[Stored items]
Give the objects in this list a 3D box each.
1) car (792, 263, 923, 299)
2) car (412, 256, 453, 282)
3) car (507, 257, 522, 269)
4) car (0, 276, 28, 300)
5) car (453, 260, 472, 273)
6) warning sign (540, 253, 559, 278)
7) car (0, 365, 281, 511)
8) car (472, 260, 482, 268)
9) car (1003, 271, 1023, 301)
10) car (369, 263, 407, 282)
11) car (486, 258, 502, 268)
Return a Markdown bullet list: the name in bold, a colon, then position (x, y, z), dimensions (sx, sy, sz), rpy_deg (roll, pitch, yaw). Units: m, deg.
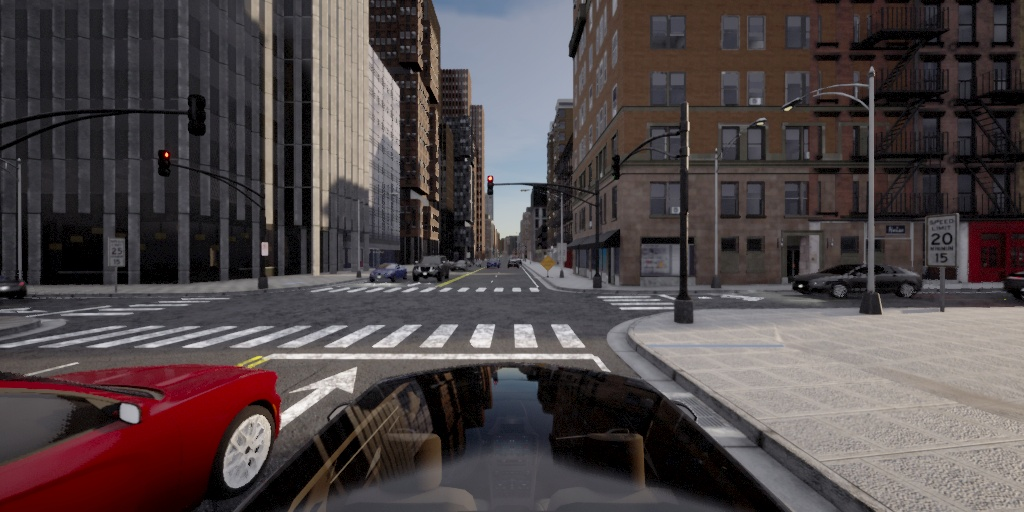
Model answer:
- **car**: position (15.511, 1.096, 16.240), dimensions (4.892, 1.490, 1.837), rpy_deg (-1, 0, 0)
- **car**: position (-6.546, 0.975, 29.498), dimensions (2.150, 2.045, 5.566), rpy_deg (0, 0, -1)
- **car**: position (0.193, 1.270, 58.752), dimensions (1.837, 1.490, 4.892), rpy_deg (0, 0, 0)
- **car**: position (-25.689, 1.495, 16.748), dimensions (4.181, 1.385, 1.994), rpy_deg (-1, 0, 1)
- **car**: position (-6.488, 1.262, 44.907), dimensions (1.837, 1.490, 4.892), rpy_deg (0, 0, 0)
- **warning sign**: position (2.917, 0.868, 29.148), dimensions (1.300, 1.860, 1.060), rpy_deg (0, 0, 0)
- **car**: position (-3.154, 1.228, 1.434), dimensions (1.882, 1.535, 5.008), rpy_deg (0, -1, 0)
- **car**: position (-6.346, 1.376, 63.322), dimensions (1.994, 1.385, 4.181), rpy_deg (0, 0, 0)
- **car**: position (21.821, 1.048, 13.509), dimensions (4.902, 1.511, 2.128), rpy_deg (0, 0, 0)
- **car**: position (-9.783, 1.278, 28.743), dimensions (1.812, 1.442, 4.674), rpy_deg (0, 0, 0)
- **car**: position (-3.050, 1.117, 59.502), dimensions (2.097, 1.767, 4.553), rpy_deg (0, 0, 1)
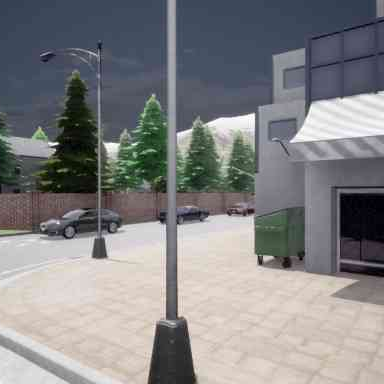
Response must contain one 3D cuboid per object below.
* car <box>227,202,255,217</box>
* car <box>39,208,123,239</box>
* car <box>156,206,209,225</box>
[{"bbox_3d":[5.290,1.740,34.356,1.994,1.385,4.181,0,0,36],"label":"car"},{"bbox_3d":[-6.158,1.681,18.908,1.837,1.490,4.892,0,0,36],"label":"car"},{"bbox_3d":[-0.644,1.777,26.353,1.895,1.301,4.718,0,0,36],"label":"car"}]
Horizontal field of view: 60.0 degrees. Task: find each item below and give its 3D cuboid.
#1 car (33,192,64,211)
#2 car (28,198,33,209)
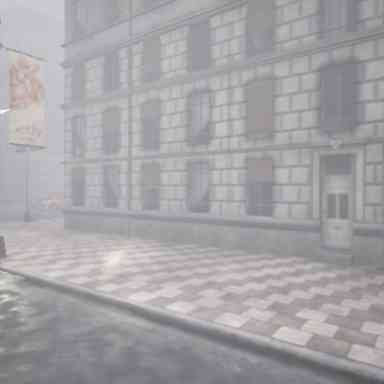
[{"bbox_3d":[-14.657,1.126,37.109,2.097,1.767,4.553,0,0,36],"label":"car"},{"bbox_3d":[-16.850,0.972,40.054,2.150,2.045,5.566,0,0,36],"label":"car"}]
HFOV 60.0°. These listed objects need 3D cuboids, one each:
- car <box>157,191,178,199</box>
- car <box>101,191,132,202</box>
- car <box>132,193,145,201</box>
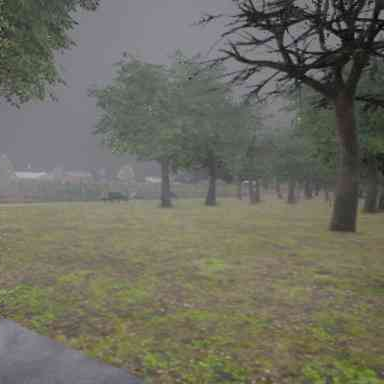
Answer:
[{"bbox_3d":[-5.624,0.666,76.553,2.150,2.045,5.566,-1,0,35],"label":"car"},{"bbox_3d":[-14.708,0.882,63.588,2.150,2.045,5.566,-1,0,35],"label":"car"},{"bbox_3d":[-12.256,0.962,71.876,2.097,1.767,4.553,-1,0,35],"label":"car"}]
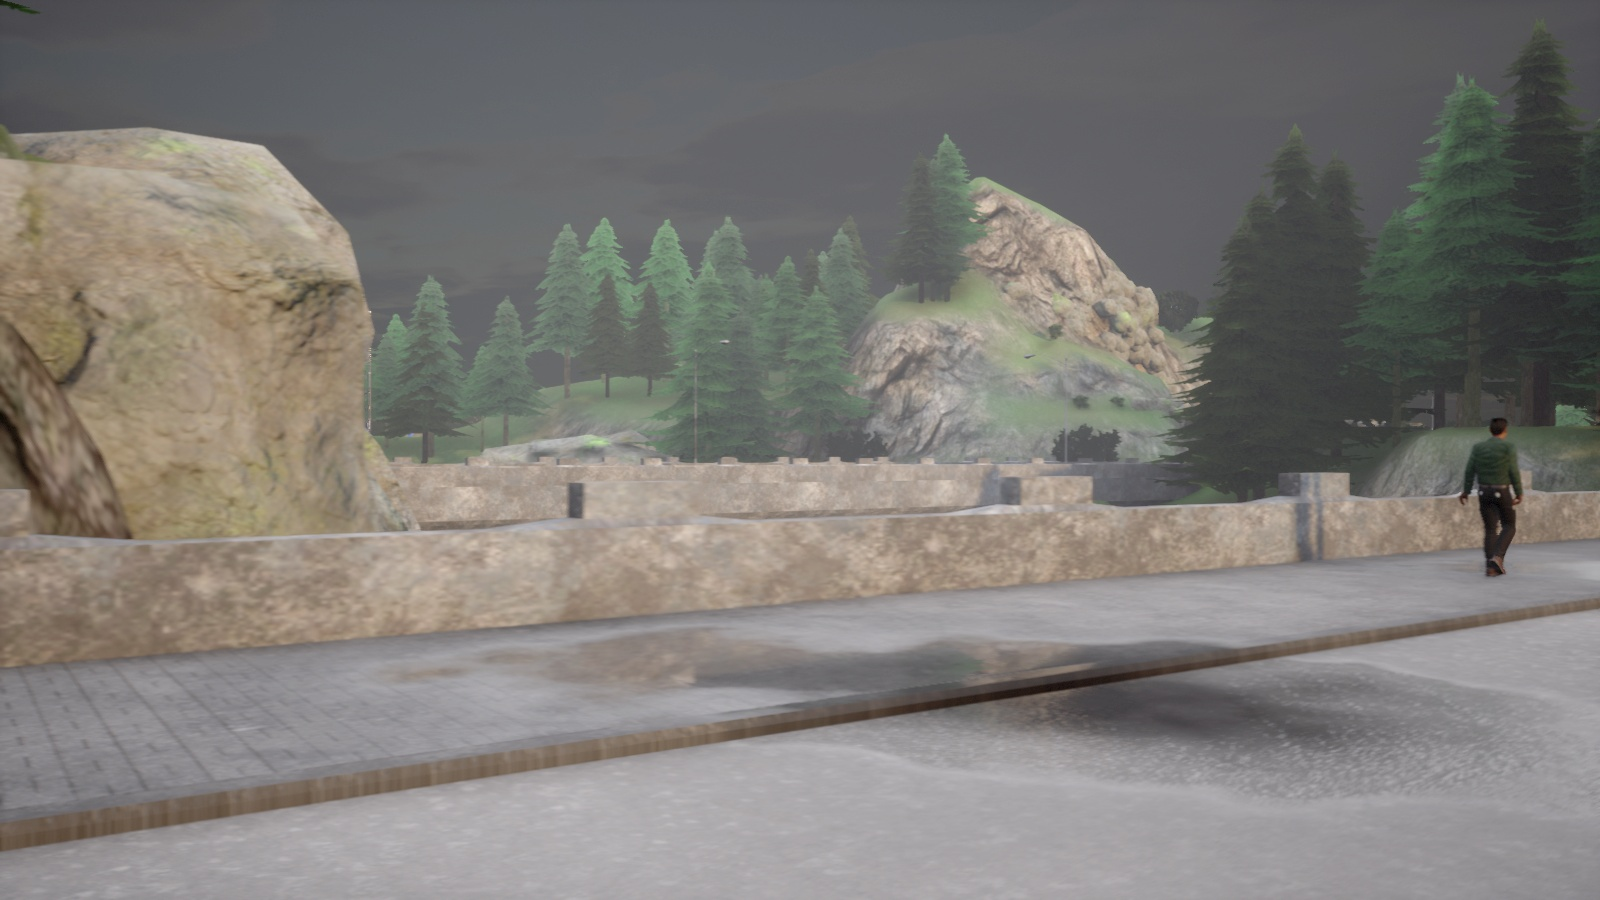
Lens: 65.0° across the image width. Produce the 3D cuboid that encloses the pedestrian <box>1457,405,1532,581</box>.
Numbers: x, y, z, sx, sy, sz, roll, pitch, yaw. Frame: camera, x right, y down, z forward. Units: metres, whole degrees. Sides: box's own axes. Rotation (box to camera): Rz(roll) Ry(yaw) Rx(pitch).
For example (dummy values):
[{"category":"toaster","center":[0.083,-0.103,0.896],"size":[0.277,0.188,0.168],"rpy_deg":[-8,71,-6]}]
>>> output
[{"category":"pedestrian","center":[7.904,0.473,14.289],"size":[0.788,1.949,0.423],"rpy_deg":[0,0,-34]}]
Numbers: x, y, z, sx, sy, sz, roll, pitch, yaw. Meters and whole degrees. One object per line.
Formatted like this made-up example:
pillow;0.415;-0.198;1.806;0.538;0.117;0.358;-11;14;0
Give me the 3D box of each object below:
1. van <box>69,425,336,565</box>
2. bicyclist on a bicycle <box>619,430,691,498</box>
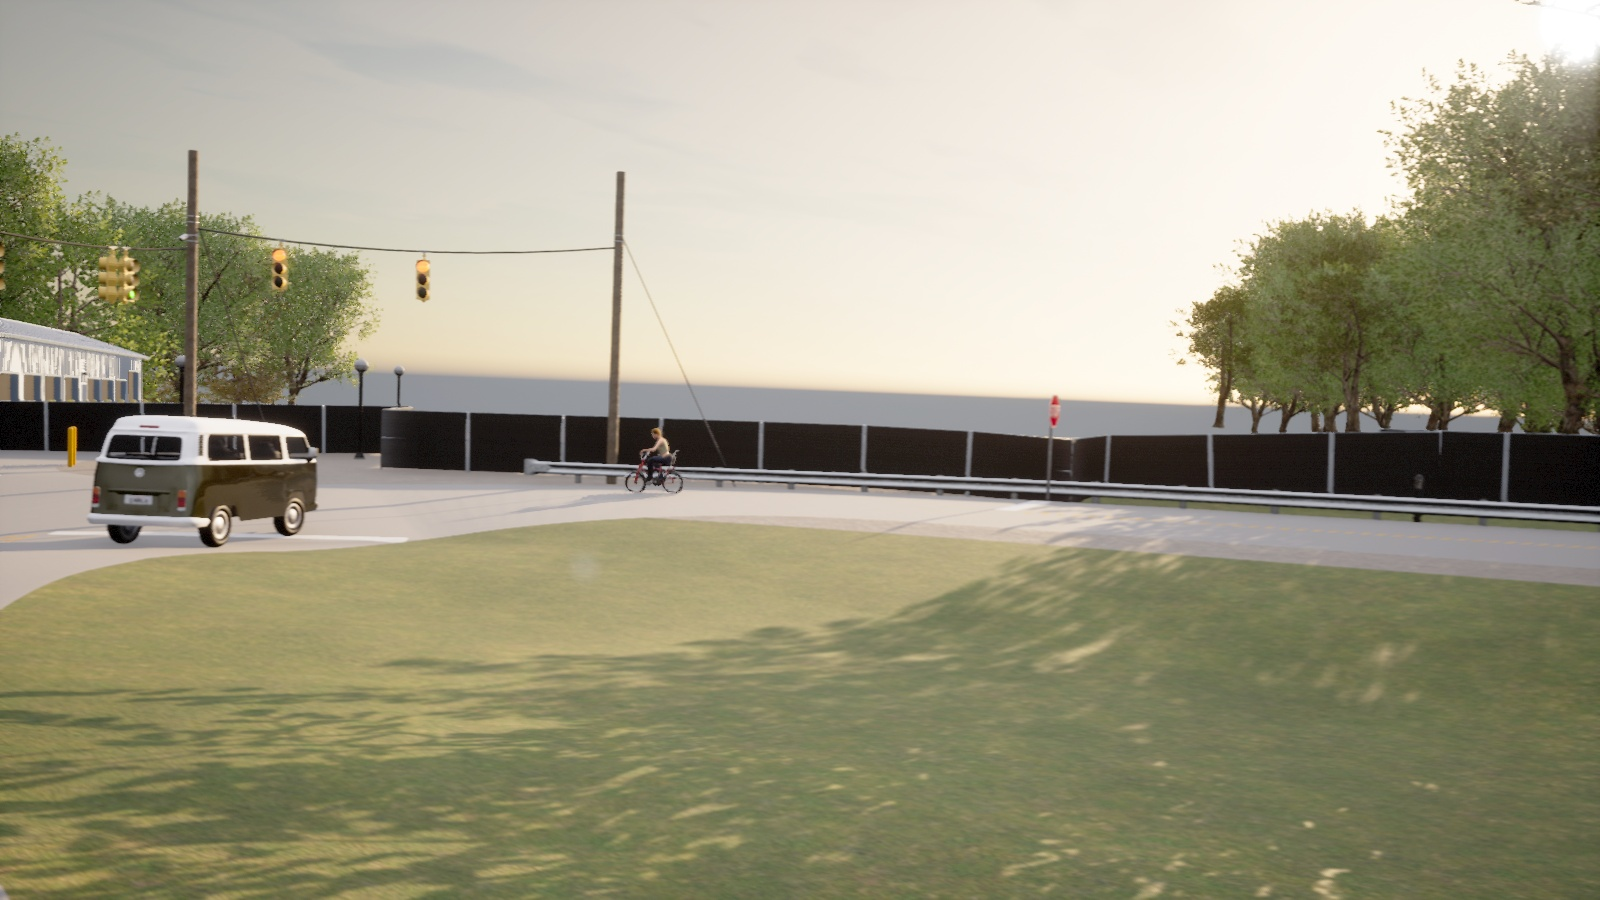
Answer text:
van;-9.742;0.657;20.960;2.069;2.038;4.480;1;0;4
bicyclist on a bicycle;-3.549;0.338;30.823;1.509;1.612;0.866;-1;2;11
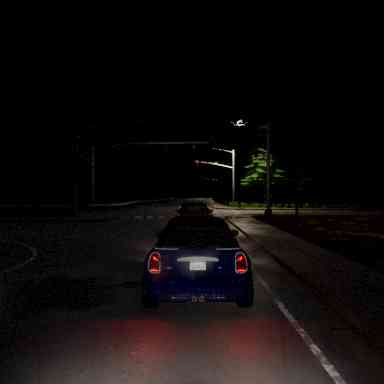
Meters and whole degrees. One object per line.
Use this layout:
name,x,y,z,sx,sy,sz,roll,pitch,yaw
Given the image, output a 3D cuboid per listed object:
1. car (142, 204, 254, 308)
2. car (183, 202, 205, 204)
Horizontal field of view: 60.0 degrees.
car,0.106,1.347,8.093,2.097,1.767,4.553,0,0,0
car,0.116,1.338,18.214,2.097,1.767,4.553,0,0,0
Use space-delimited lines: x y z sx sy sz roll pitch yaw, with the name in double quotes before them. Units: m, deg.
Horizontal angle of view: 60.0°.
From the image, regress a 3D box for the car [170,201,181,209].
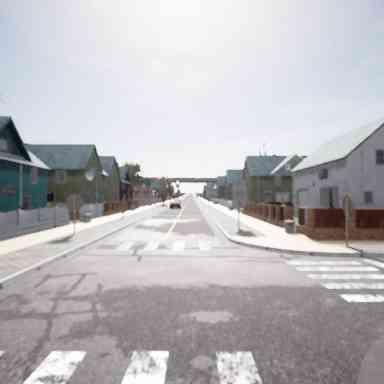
"car" -2.833 2.209 57.272 1.895 1.301 4.718 0 -1 0

:: WHAT YOU WILL DO ::
Could you restate word for word the lines above from the one containing "2) car (412, 256, 453, 282)" through the one containing "Return a Markdown", both included, and nothing else?

:: EXPECTED OUTPUT ::
2) car (412, 256, 453, 282)
3) car (507, 257, 522, 269)
4) car (0, 276, 28, 300)
5) car (453, 260, 472, 273)
6) warning sign (540, 253, 559, 278)
7) car (0, 365, 281, 511)
8) car (472, 260, 482, 268)
9) car (1003, 271, 1023, 301)
10) car (369, 263, 407, 282)
11) car (486, 258, 502, 268)
Return a Markdown bullet list: the name in bold, a colon, then position (x, y, z), dimensions (sx, sy, sz), rpy_deg (roll, pitch, yaw). Units: m, deg.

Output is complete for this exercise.